S'agissant d'idées créatives, j'ai parlé du système de surveillance des ordonnances en place au Royaume-Uni, un système assez coûteux dont les frais généraux sont élevés. À mon avis, le Harvard Partners Group a proposé une méthode plus novatrice. Les membres de ce groupe ont consulté leurs dossiers médicaux longitudinaux pour établir la raison expliquant l'abandon du médicament prescrit. Ils ont essayé d'établir si c'était son efficacité ou les réactions indésirables produites qui étaient en cause.

Ces données ont été recueillies au point de prestation des services. Le processus prend des microsecondes. Cette information a ensuite permis d'extraire des données du dossier de santé électronique, a été regroupée dans un courriel et envoyée à la FDA. Cette collecte systématique des données a lieu au point de prestation des services. Il est très utile de savoir si un patient a cessé de prendre un médicament parce qu'il était inefficace ou parce qu'il causait une réaction indésirable.

Cette méthode pourrait être mise en œuvre non seulement de notre vivant, mais d'ici cinq ans. L'informatisation des dossiers de santé au Canada a été lente, mais je crois que le processus progresse maintenant plus rapidement. Il s'agit de s'entendre sur les logiciels qui seront utilisés à cette fin.

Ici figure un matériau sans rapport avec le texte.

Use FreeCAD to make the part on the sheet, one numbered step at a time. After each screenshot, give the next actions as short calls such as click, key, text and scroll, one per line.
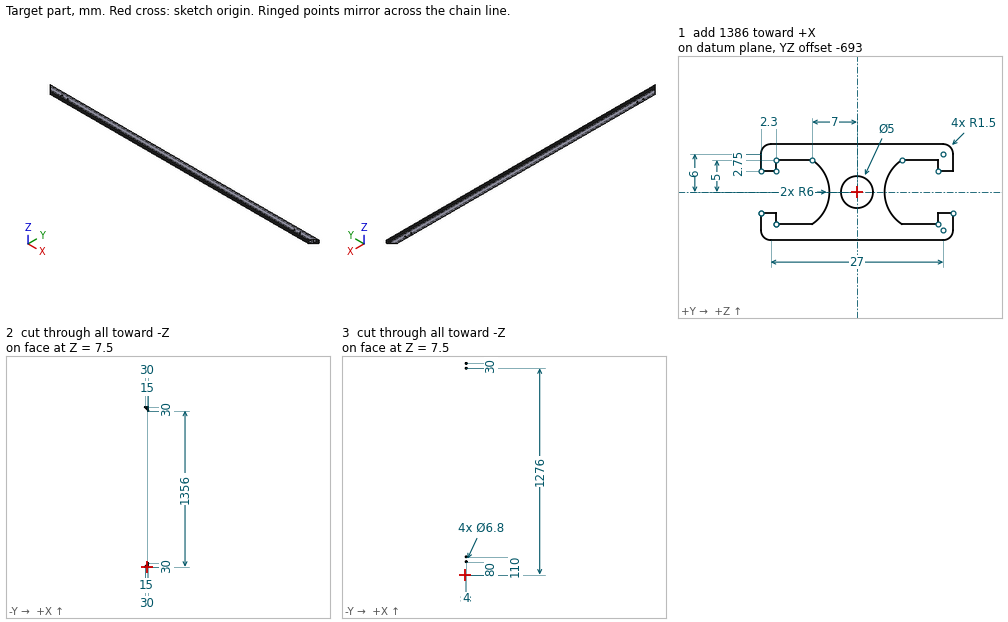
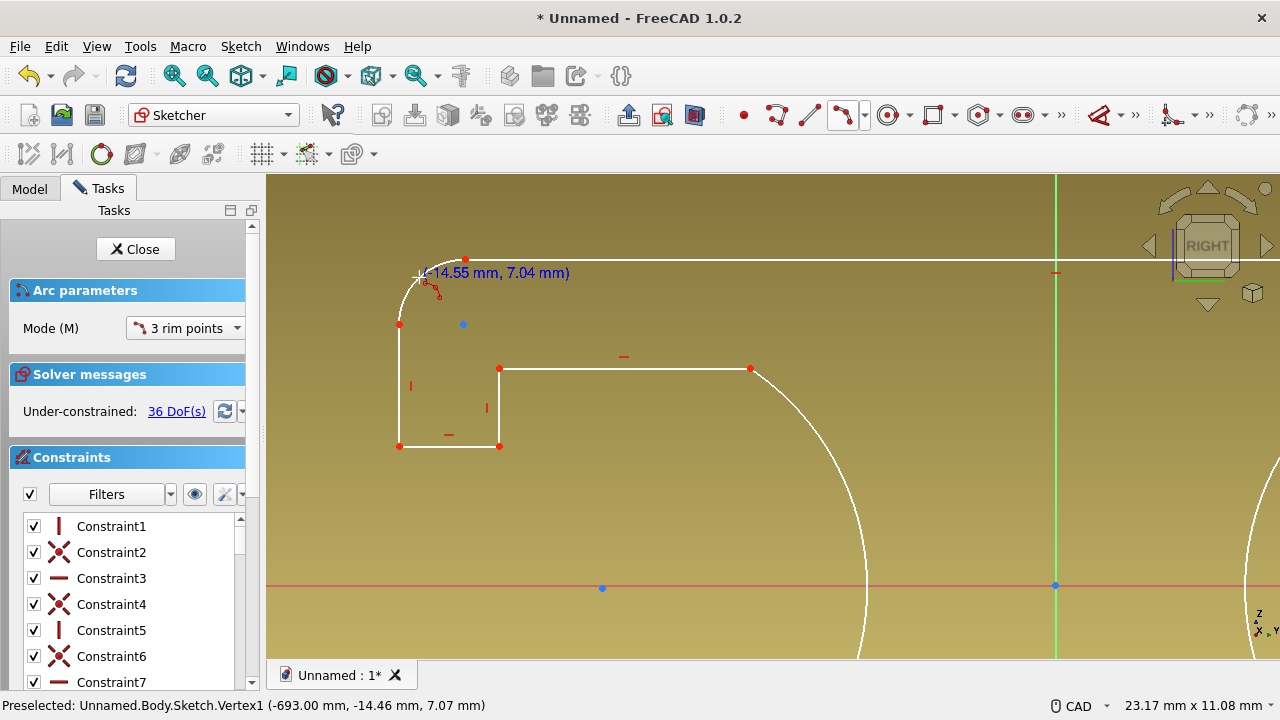
click(888, 116)

Nous devons pouvoir savoir pourquoi un patient cesse de prendre le médicament qui lui a été prescrit. C'est un objectif tout à fait réalisable. On pourrait recueillir cette information à l'échelle mondiale. Sans que cela n'exige d'effort démesuré de qui que ce soit, le Canada pourrait d'ailleurs servir de modèle pour ce qui est de la collecte systématique de cette information. Cela n'exigera pas un investissement supplémentaire de temps non plus. À mon avis, c'est la solution la plus facile aux problèmes qui se posent. Je crois aussi que c'est la solution la plus évidente.

Il faudrait naturellement à cette fin qu'Inforoute change ses normes d'agrément. Ce serait assez facile à faire. Il faut que l'information puisse être recueillie au moyen des mécanismes réglementaires actuels. Je ne pense pas que cela exigerait de changements de nature réglementaire.

Santé Canada devra établir comment utiliser cette information à des fins de comparaison des risques. Le Canada possède certainement le savoir-faire voulu dans ce domaine.

Le président : Avant de passer au professeur Carleton, je voudrais vous poser une question sur ce que vous avez répondu au sénateur Eggleton. Qui décide de cesser d'administrer un médicament?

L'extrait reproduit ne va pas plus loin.